Provided records Start Marker

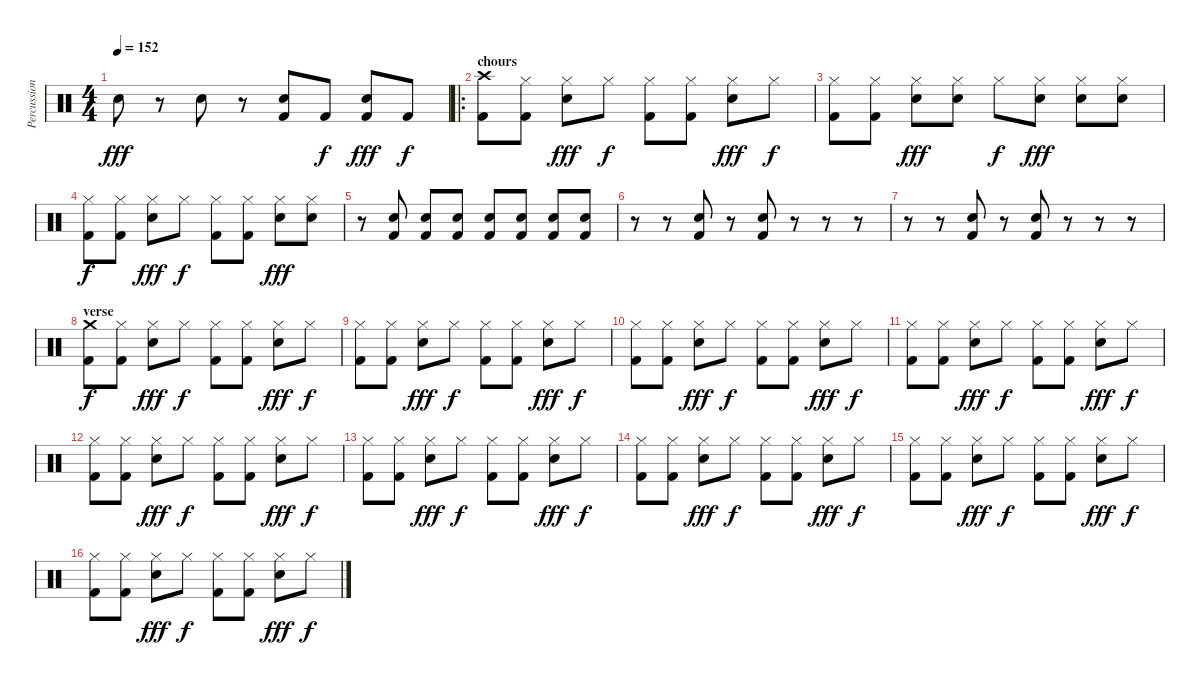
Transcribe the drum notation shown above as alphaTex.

\track ("Percussion" "Percussion") {instrument percussion}
\staff {score}
\articulation defaults
\ts (4 4)
\tempo 152
\clef neutral
\ks c "Electric Snare (hit)".8{dy fff}
r.8 "Electric Snare (hit)".8 r.8 ("Kick (hit) 2" "Electric Snare (hit)").8 "Kick (hit) 2".8{dy f} ("Kick (hit) 2" "Electric Snare (hit)").8{dy fff} "Kick (hit) 2".8{dy f} |
\ro
\section ("" "chours")
("Kick (hit) 2" "Crash high (hit)").8 ("Kick (hit) 2" "Hi-Hat (closed)").8 ("Electric Snare (hit)" "Hi-Hat (closed)").8{dy fff} "Hi-Hat (closed)".8{dy f} ("Kick (hit) 2" "Hi-Hat (closed)").8 ("Kick (hit) 2" "Hi-Hat (closed)").8 ("Electric Snare (hit)" "Hi-Hat (closed)").8{dy fff} "Hi-Hat (closed)".8{dy f} |
("Kick (hit) 2" "Hi-Hat (closed)").8 ("Kick (hit) 2" "Hi-Hat (closed)").8 ("Electric Snare (hit)" "Hi-Hat (closed)").8{dy fff} ("Electric Snare (hit)" "Hi-Hat (closed)").8 "Hi-Hat (closed)".8{dy f} ("Electric Snare (hit)" "Hi-Hat (closed)").8{dy fff} ("Electric Snare (hit)" "Hi-Hat (closed)").8 ("Electric Snare (hit)" "Hi-Hat (closed)").8 |
("Kick (hit) 2" "Hi-Hat (closed)").8{dy f} ("Kick (hit) 2" "Hi-Hat (closed)").8 ("Electric Snare (hit)" "Hi-Hat (closed)").8{dy fff} "Hi-Hat (closed)".8{dy f} ("Kick (hit) 2" "Hi-Hat (closed)").8 ("Kick (hit) 2" "Hi-Hat (closed)").8 ("Electric Snare (hit)" "Hi-Hat (closed)").8{dy fff} ("Electric Snare (hit)" "Hi-Hat (closed)").8 |
r.8 ("Kick (hit) 2" "Electric Snare (hit)").8 ("Kick (hit) 2" "Electric Snare (hit)").8 ("Kick (hit) 2" "Electric Snare (hit)").8 ("Kick (hit) 2" "Electric Snare (hit)").8 ("Kick (hit) 2" "Electric Snare (hit)").8 ("Kick (hit) 2" "Electric Snare (hit)").8 ("Kick (hit) 2" "Electric Snare (hit)").8 |
r.8 r.8 ("Kick (hit) 2" "Electric Snare (hit)").8 r.8 ("Kick (hit) 2" "Electric Snare (hit)").8 r.8 r.8 r.8 |
r.8 r.8 ("Kick (hit) 2" "Electric Snare (hit)").8 r.8 ("Kick (hit) 2" "Electric Snare (hit)").8 r.8 r.8 r.8 |
\section ("" "verse")
("Kick (hit) 2" "Crash medium (hit)").8{dy f} ("Kick (hit) 2" "Hi-Hat (closed)").8 ("Electric Snare (hit)" "Hi-Hat (closed)").8{dy fff} "Hi-Hat (closed)".8{dy f} ("Kick (hit) 2" "Hi-Hat (closed)").8 ("Kick (hit) 2" "Hi-Hat (closed)").8 ("Electric Snare (hit)" "Hi-Hat (closed)").8{dy fff} "Hi-Hat (closed)".8{dy f} |
("Kick (hit) 2" "Hi-Hat (closed)").8 ("Kick (hit) 2" "Hi-Hat (closed)").8 ("Electric Snare (hit)" "Hi-Hat (closed)").8{dy fff} "Hi-Hat (closed)".8{dy f} ("Kick (hit) 2" "Hi-Hat (closed)").8 ("Kick (hit) 2" "Hi-Hat (closed)").8 ("Electric Snare (hit)" "Hi-Hat (closed)").8{dy fff} "Hi-Hat (closed)".8{dy f} |
("Kick (hit) 2" "Hi-Hat (closed)").8 ("Kick (hit) 2" "Hi-Hat (closed)").8 ("Electric Snare (hit)" "Hi-Hat (closed)").8{dy fff} "Hi-Hat (closed)".8{dy f} ("Kick (hit) 2" "Hi-Hat (closed)").8 ("Kick (hit) 2" "Hi-Hat (closed)").8 ("Electric Snare (hit)" "Hi-Hat (closed)").8{dy fff} "Hi-Hat (closed)".8{dy f} |
("Kick (hit) 2" "Hi-Hat (closed)").8 ("Kick (hit) 2" "Hi-Hat (closed)").8 ("Electric Snare (hit)" "Hi-Hat (closed)").8{dy fff} "Hi-Hat (closed)".8{dy f} ("Kick (hit) 2" "Hi-Hat (closed)").8 ("Kick (hit) 2" "Hi-Hat (closed)").8 ("Electric Snare (hit)" "Hi-Hat (closed)").8{dy fff} "Hi-Hat (closed)".8{dy f} |
("Kick (hit) 2" "Hi-Hat (closed)").8 ("Kick (hit) 2" "Hi-Hat (closed)").8 ("Electric Snare (hit)" "Hi-Hat (closed)").8{dy fff} "Hi-Hat (closed)".8{dy f} ("Kick (hit) 2" "Hi-Hat (closed)").8 ("Kick (hit) 2" "Hi-Hat (closed)").8 ("Electric Snare (hit)" "Hi-Hat (closed)").8{dy fff} "Hi-Hat (closed)".8{dy f} |
("Kick (hit) 2" "Hi-Hat (closed)").8 ("Kick (hit) 2" "Hi-Hat (closed)").8 ("Electric Snare (hit)" "Hi-Hat (closed)").8{dy fff} "Hi-Hat (closed)".8{dy f} ("Kick (hit) 2" "Hi-Hat (closed)").8 ("Kick (hit) 2" "Hi-Hat (closed)").8 ("Electric Snare (hit)" "Hi-Hat (closed)").8{dy fff} "Hi-Hat (closed)".8{dy f} |
("Kick (hit) 2" "Hi-Hat (closed)").8 ("Kick (hit) 2" "Hi-Hat (closed)").8 ("Electric Snare (hit)" "Hi-Hat (closed)").8{dy fff} "Hi-Hat (closed)".8{dy f} ("Kick (hit) 2" "Hi-Hat (closed)").8 ("Kick (hit) 2" "Hi-Hat (closed)").8 ("Electric Snare (hit)" "Hi-Hat (closed)").8{dy fff} "Hi-Hat (closed)".8{dy f} |
("Kick (hit) 2" "Hi-Hat (closed)").8 ("Kick (hit) 2" "Hi-Hat (closed)").8 ("Electric Snare (hit)" "Hi-Hat (closed)").8{dy fff} "Hi-Hat (closed)".8{dy f} ("Kick (hit) 2" "Hi-Hat (closed)").8 ("Kick (hit) 2" "Hi-Hat (closed)").8 ("Electric Snare (hit)" "Hi-Hat (closed)").8{dy fff} "Hi-Hat (closed)".8{dy f} |
("Kick (hit) 2" "Hi-Hat (closed)").8 ("Kick (hit) 2" "Hi-Hat (closed)").8 ("Electric Snare (hit)" "Hi-Hat (closed)").8{dy fff} "Hi-Hat (closed)".8{dy f} ("Kick (hit) 2" "Hi-Hat (closed)").8 ("Kick (hit) 2" "Hi-Hat (closed)").8 ("Electric Snare (hit)" "Hi-Hat (closed)").8{dy fff} "Hi-Hat (closed)".8{dy f}
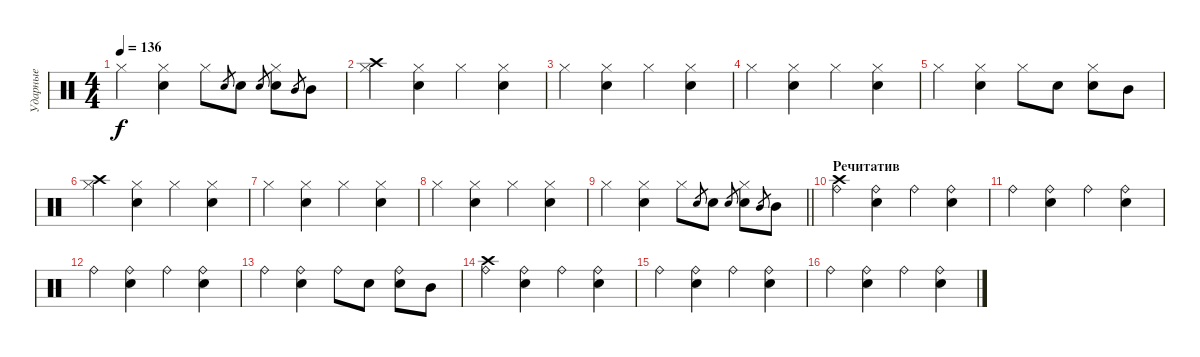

Provided records End Marker

Return an exact transcription of the entries above, excluding each image.

Transcribe the drum notation shown above as alphaTex.

\track ("Percussion" "Percussion") {instrument percussion}
\staff {score}
\articulation defaults
\ts (4 4)
\tempo 152
\clef neutral
\ks c "Electric Snare (hit)".8{dy fff}
r.8 "Electric Snare (hit)".8 r.8 ("Kick (hit) 2" "Electric Snare (hit)").8 "Kick (hit) 2".8{dy f} ("Kick (hit) 2" "Electric Snare (hit)").8{dy fff} "Kick (hit) 2".8{dy f} |
\ro
\section ("" "chours")
("Kick (hit) 2" "Crash high (hit)").8 ("Kick (hit) 2" "Hi-Hat (closed)").8 ("Electric Snare (hit)" "Hi-Hat (closed)").8{dy fff} "Hi-Hat (closed)".8{dy f} ("Kick (hit) 2" "Hi-Hat (closed)").8 ("Kick (hit) 2" "Hi-Hat (closed)").8 ("Electric Snare (hit)" "Hi-Hat (closed)").8{dy fff} "Hi-Hat (closed)".8{dy f} |
("Kick (hit) 2" "Hi-Hat (closed)").8 ("Kick (hit) 2" "Hi-Hat (closed)").8 ("Electric Snare (hit)" "Hi-Hat (closed)").8{dy fff} ("Electric Snare (hit)" "Hi-Hat (closed)").8 "Hi-Hat (closed)".8{dy f} ("Electric Snare (hit)" "Hi-Hat (closed)").8{dy fff} ("Electric Snare (hit)" "Hi-Hat (closed)").8 ("Electric Snare (hit)" "Hi-Hat (closed)").8 |
("Kick (hit) 2" "Hi-Hat (closed)").8{dy f} ("Kick (hit) 2" "Hi-Hat (closed)").8 ("Electric Snare (hit)" "Hi-Hat (closed)").8{dy fff} "Hi-Hat (closed)".8{dy f} ("Kick (hit) 2" "Hi-Hat (closed)").8 ("Kick (hit) 2" "Hi-Hat (closed)").8 ("Electric Snare (hit)" "Hi-Hat (closed)").8{dy fff} ("Electric Snare (hit)" "Hi-Hat (closed)").8 |
r.8 ("Kick (hit) 2" "Electric Snare (hit)").8 ("Kick (hit) 2" "Electric Snare (hit)").8 ("Kick (hit) 2" "Electric Snare (hit)").8 ("Kick (hit) 2" "Electric Snare (hit)").8 ("Kick (hit) 2" "Electric Snare (hit)").8 ("Kick (hit) 2" "Electric Snare (hit)").8 ("Kick (hit) 2" "Electric Snare (hit)").8 |
r.8 r.8 ("Kick (hit) 2" "Electric Snare (hit)").8 r.8 ("Kick (hit) 2" "Electric Snare (hit)").8 r.8 r.8 r.8 |
r.8 r.8 ("Kick (hit) 2" "Electric Snare (hit)").8 r.8 ("Kick (hit) 2" "Electric Snare (hit)").8 r.8 r.8 r.8 |
\section ("" "verse")
("Kick (hit) 2" "Crash medium (hit)").8{dy f} ("Kick (hit) 2" "Hi-Hat (closed)").8 ("Electric Snare (hit)" "Hi-Hat (closed)").8{dy fff} "Hi-Hat (closed)".8{dy f} ("Kick (hit) 2" "Hi-Hat (closed)").8 ("Kick (hit) 2" "Hi-Hat (closed)").8 ("Electric Snare (hit)" "Hi-Hat (closed)").8{dy fff} "Hi-Hat (closed)".8{dy f} |
("Kick (hit) 2" "Hi-Hat (closed)").8 ("Kick (hit) 2" "Hi-Hat (closed)").8 ("Electric Snare (hit)" "Hi-Hat (closed)").8{dy fff} "Hi-Hat (closed)".8{dy f} ("Kick (hit) 2" "Hi-Hat (closed)").8 ("Kick (hit) 2" "Hi-Hat (closed)").8 ("Electric Snare (hit)" "Hi-Hat (closed)").8{dy fff} "Hi-Hat (closed)".8{dy f} |
("Kick (hit) 2" "Hi-Hat (closed)").8 ("Kick (hit) 2" "Hi-Hat (closed)").8 ("Electric Snare (hit)" "Hi-Hat (closed)").8{dy fff} "Hi-Hat (closed)".8{dy f} ("Kick (hit) 2" "Hi-Hat (closed)").8 ("Kick (hit) 2" "Hi-Hat (closed)").8 ("Electric Snare (hit)" "Hi-Hat (closed)").8{dy fff} "Hi-Hat (closed)".8{dy f} |
("Kick (hit) 2" "Hi-Hat (closed)").8 ("Kick (hit) 2" "Hi-Hat (closed)").8 ("Electric Snare (hit)" "Hi-Hat (closed)").8{dy fff} "Hi-Hat (closed)".8{dy f} ("Kick (hit) 2" "Hi-Hat (closed)").8 ("Kick (hit) 2" "Hi-Hat (closed)").8 ("Electric Snare (hit)" "Hi-Hat (closed)").8{dy fff} "Hi-Hat (closed)".8{dy f} |
("Kick (hit) 2" "Hi-Hat (closed)").8 ("Kick (hit) 2" "Hi-Hat (closed)").8 ("Electric Snare (hit)" "Hi-Hat (closed)").8{dy fff} "Hi-Hat (closed)".8{dy f} ("Kick (hit) 2" "Hi-Hat (closed)").8 ("Kick (hit) 2" "Hi-Hat (closed)").8 ("Electric Snare (hit)" "Hi-Hat (closed)").8{dy fff} "Hi-Hat (closed)".8{dy f} |
("Kick (hit) 2" "Hi-Hat (closed)").8 ("Kick (hit) 2" "Hi-Hat (closed)").8 ("Electric Snare (hit)" "Hi-Hat (closed)").8{dy fff} "Hi-Hat (closed)".8{dy f} ("Kick (hit) 2" "Hi-Hat (closed)").8 ("Kick (hit) 2" "Hi-Hat (closed)").8 ("Electric Snare (hit)" "Hi-Hat (closed)").8{dy fff} "Hi-Hat (closed)".8{dy f} |
("Kick (hit) 2" "Hi-Hat (closed)").8 ("Kick (hit) 2" "Hi-Hat (closed)").8 ("Electric Snare (hit)" "Hi-Hat (closed)").8{dy fff} "Hi-Hat (closed)".8{dy f} ("Kick (hit) 2" "Hi-Hat (closed)").8 ("Kick (hit) 2" "Hi-Hat (closed)").8 ("Electric Snare (hit)" "Hi-Hat (closed)").8{dy fff} "Hi-Hat (closed)".8{dy f} |
("Kick (hit) 2" "Hi-Hat (closed)").8 ("Kick (hit) 2" "Hi-Hat (closed)").8 ("Electric Snare (hit)" "Hi-Hat (closed)").8{dy fff} "Hi-Hat (closed)".8{dy f} ("Kick (hit) 2" "Hi-Hat (closed)").8 ("Kick (hit) 2" "Hi-Hat (closed)").8 ("Electric Snare (hit)" "Hi-Hat (closed)").8{dy fff} "Hi-Hat (closed)".8{dy f} |
("Kick (hit) 2" "Hi-Hat (closed)").8 ("Kick (hit) 2" "Hi-Hat (closed)").8 ("Electric Snare (hit)" "Hi-Hat (closed)").8{dy fff} "Hi-Hat (closed)".8{dy f} ("Kick (hit) 2" "Hi-Hat (closed)").8 ("Kick (hit) 2" "Hi-Hat (closed)").8 ("Electric Snare (hit)" "Hi-Hat (closed)").8{dy fff} "Hi-Hat (closed)".8{dy f}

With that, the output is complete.